# Home depot bid



## brfootball45

How you doing guys? I have a question in the spring im going to be bidding on a contract to plow a local home depot for the next upcoming season. I have done many parking lots before but for other companies. Right now i plow for the state and plan on keeping two trucks with them. However im looking to purchase a backhoe with a pusher on it if i can get the bid. My question is how do you approach something like this? How would you go about figuring all the prices and all that fun stuff? Any help would be great thanks


----------



## ajslands

well how much are you gonna spend on gas, how long do you think it will take you and how much salt you gonna use? if it were me, i would wanna make about 90 an hour and depending on the pusher you get, the longer its gonna take


----------



## Brant'sLawnCare

How big is it? Do you know how many acres? If you do, I can help you figure out a ballpark price.


----------



## Superior L & L

Let me know the address and we can mapquest it to get some lot dimensions


----------



## murray83

One option I may bring up is subbing to whoever does it now.

Might not be the answer you want to hear but this way you can learn about how much salt on a given storm you would lay down,how much fuel you would use and length of time to plow the lot.

And during this time take notes,do some math to come up with rates you believe will make you money and invest in a good v box and pusher and when it comes time to bid the same lot in the future you'll have an advantage over others and be comfortable knowing your not leaving any money on the table when you put in a bid.

Also remember maintaince contractors who look after these properties want things done for the bare minimum and someone else out there might do it for much less then you can even afford to do.


----------



## vamootsman

brfootball45;939400 said:


> How you doing guys? I have a question in the spring im going to be bidding on a contract to plow a local home depot for the next upcoming season. I have done many parking lots before but for other companies. Right now i plow for the state and plan on keeping two trucks with them. However im looking to purchase a backhoe with a pusher on it if i can get the bid. My question is how do you approach something like this? How would you go about figuring all the prices and all that fun stuff? Any help would be great thanks


How many acres is the lot? The plowable area.


----------



## Herm Witte

There is a learning curve with quoting snow removal. It is important to know your numbers and those are best learned by starting out small and moving up from there. Make a mistake bidding on some small projects - not so bad. Same mistake on that large complex - could be a big time ouch. We can all help with production numbers but you need to arrive at your operating cost first and that cost is not a cookie cutter cost. Work with an accountant or someone to establish YOUR operating cost and then use that information along with production numbers in preparing a quote.
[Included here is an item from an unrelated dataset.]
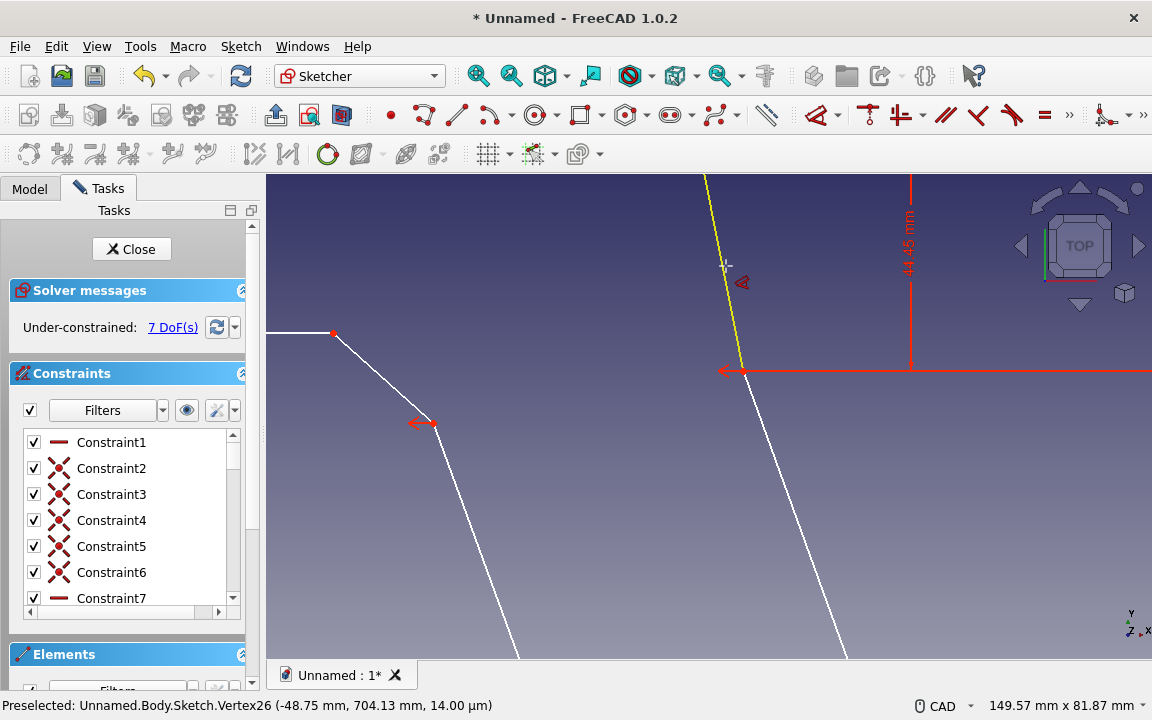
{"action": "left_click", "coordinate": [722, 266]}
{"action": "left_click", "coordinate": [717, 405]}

It seems to me that you are attempting to jump into the frying pan, taking the advice given in a previous post is not a bad idea - sub for a firm on similar type properties to help you get a real feel for things.

Herm Witte

Witte Lawn Maintenance, Inc.

Serving West Michigan since 1957


----------



## Superior L & L

murray83;940547 said:


> One option I may bring up is subbing to whoever does it now.
> 
> Might not be the answer you want to hear but this way you can learn about how much salt on a given storm you would lay down,how much fuel you would use and length of time to plow the lot.
> 
> And during this time take notes,do some math to come up with rates you believe will make you money and invest in a good v box and pusher and when it comes time to bid the same lot in the future you'll have an advantage over others and be comfortable knowing your not leaving any money on the table when you put in a bid.
> 
> Also remember maintaince contractors who look after these properties want things done for the bare minimum and someone else out there might do it for much less then you can even afford to do.


+

Not the worst idea by any means. But if he subs to the guy that does it he will sign a non-compete. Probably saying he cannot plow any of the sites the guy plows for two years


----------



## JohnnyRoyale

Herm Witte;940831 said:


> There is a learning curve with quoting snow removal. It is important to know your numbers and those are best learned by starting out small and moving up from there. Make a mistake bidding on some small projects - not so bad. Same mistake on that large complex - could be a big time ouch. We can all help with production numbers but you need to arrive at your operating cost first and that cost is not a cookie cutter cost. Work with an accountant or someone to establish YOUR operating cost and then use that information along with production numbers in preparing a quote. It seems to me that you are attempting to jump into the frying pan, taking the advice given in a previous post is not a bad idea - sub for a firm on similar type properties to help you get a real feel for things.
> 
> Herm Witte
> 
> Witte Lawn Maintenance, Inc.
> 
> Serving West Michigan since 1957


Thank you Herm.


----------



## vamootsman

ajslands;940013 said:


> well how much are you gonna spend on gas, how long do you think it will take you and how much salt you gonna use? if it were me, i would wanna make about 90 an hour and depending on the pusher you get, the longer its gonna take





Brant'sLawnCare;940051 said:


> How big is it? Do you know how many acres? If you do, I can help you figure out a ballpark price.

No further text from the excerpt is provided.